• AIM OF THE TASK: Start with the line containing "Command: draw an" and write out each line through the end of the listing, exactly as given.

• COLLECTED DATA:
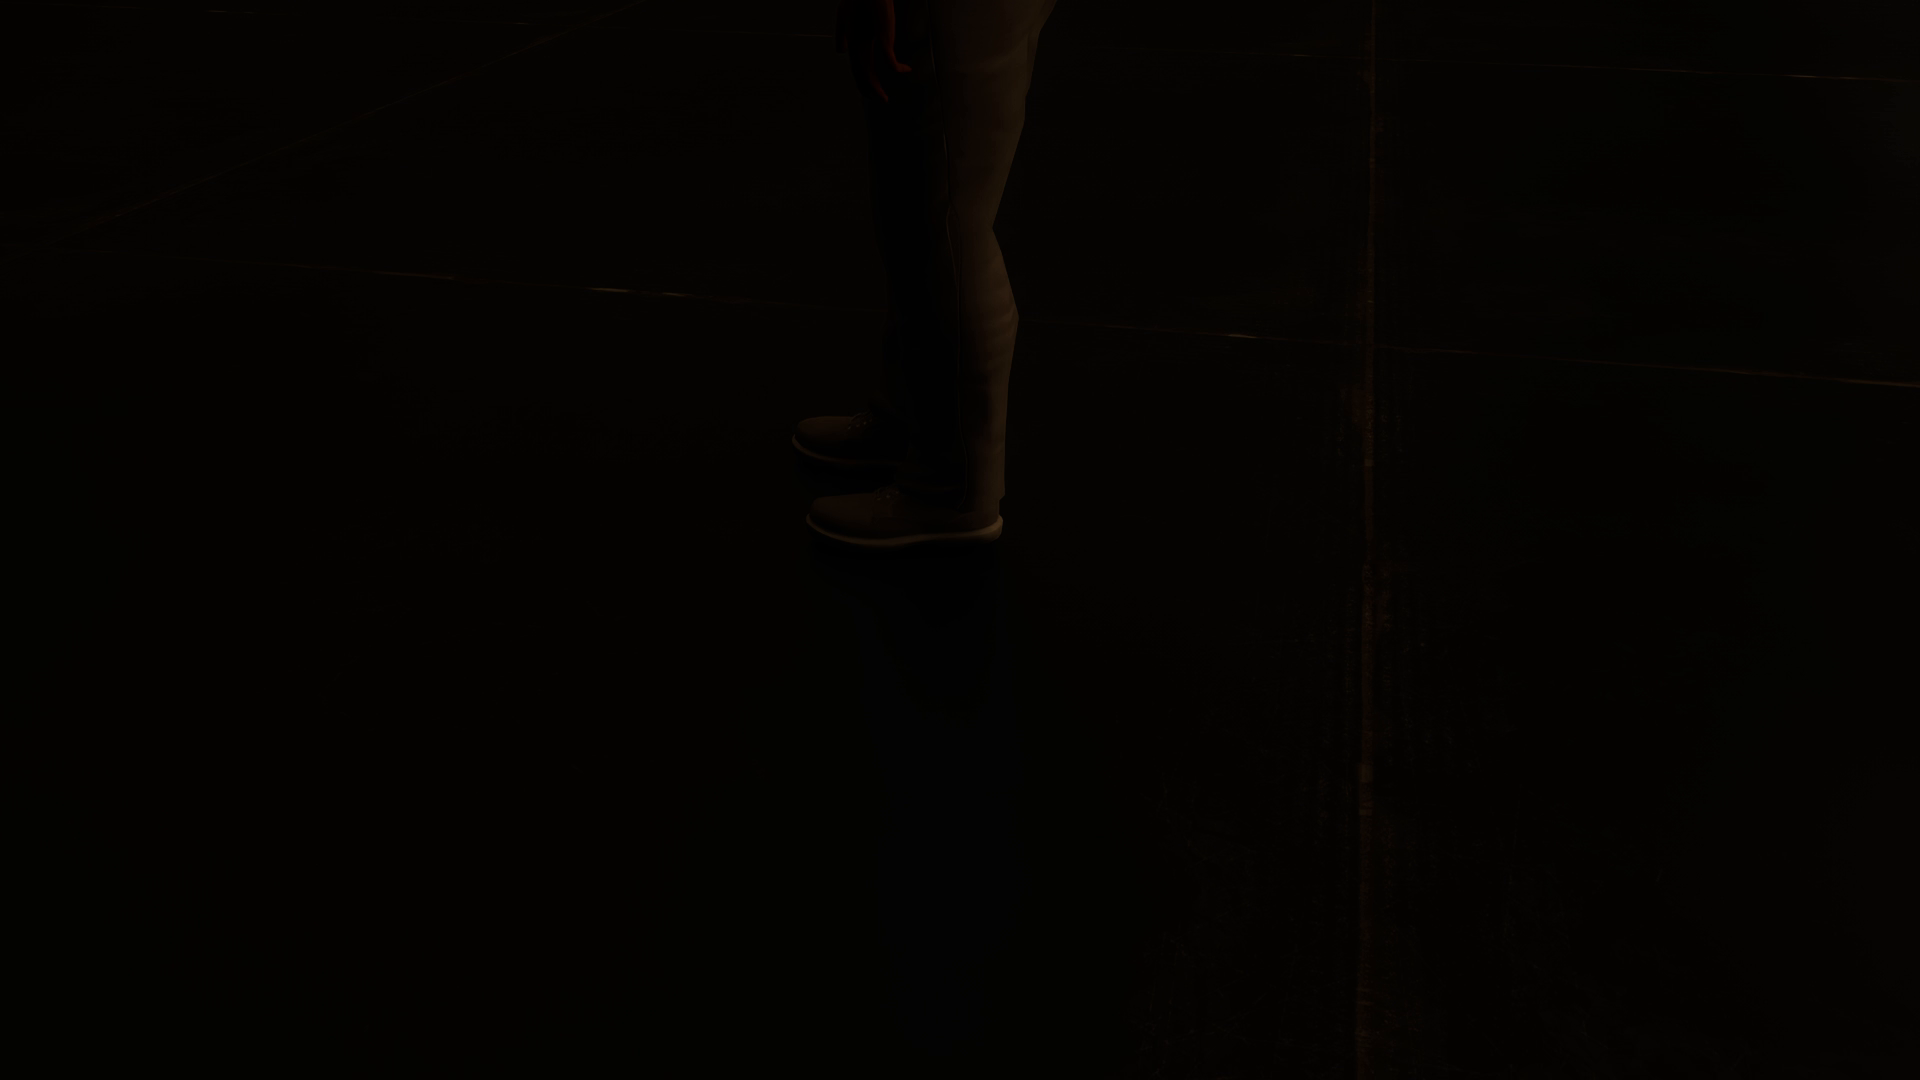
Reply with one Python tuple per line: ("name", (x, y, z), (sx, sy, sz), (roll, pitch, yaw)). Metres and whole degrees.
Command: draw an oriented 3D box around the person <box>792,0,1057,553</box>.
("person", (-0.069, -0.779, 2.147), (0.528, 1.695, 0.569), (6, 27, 11))

• ANSWER TO THE PROBLEM:
Command: draw an oriented 3D box around the person <box>792,0,1057,553</box>.
("person", (-0.069, -0.779, 2.147), (0.528, 1.695, 0.569), (6, 27, 11))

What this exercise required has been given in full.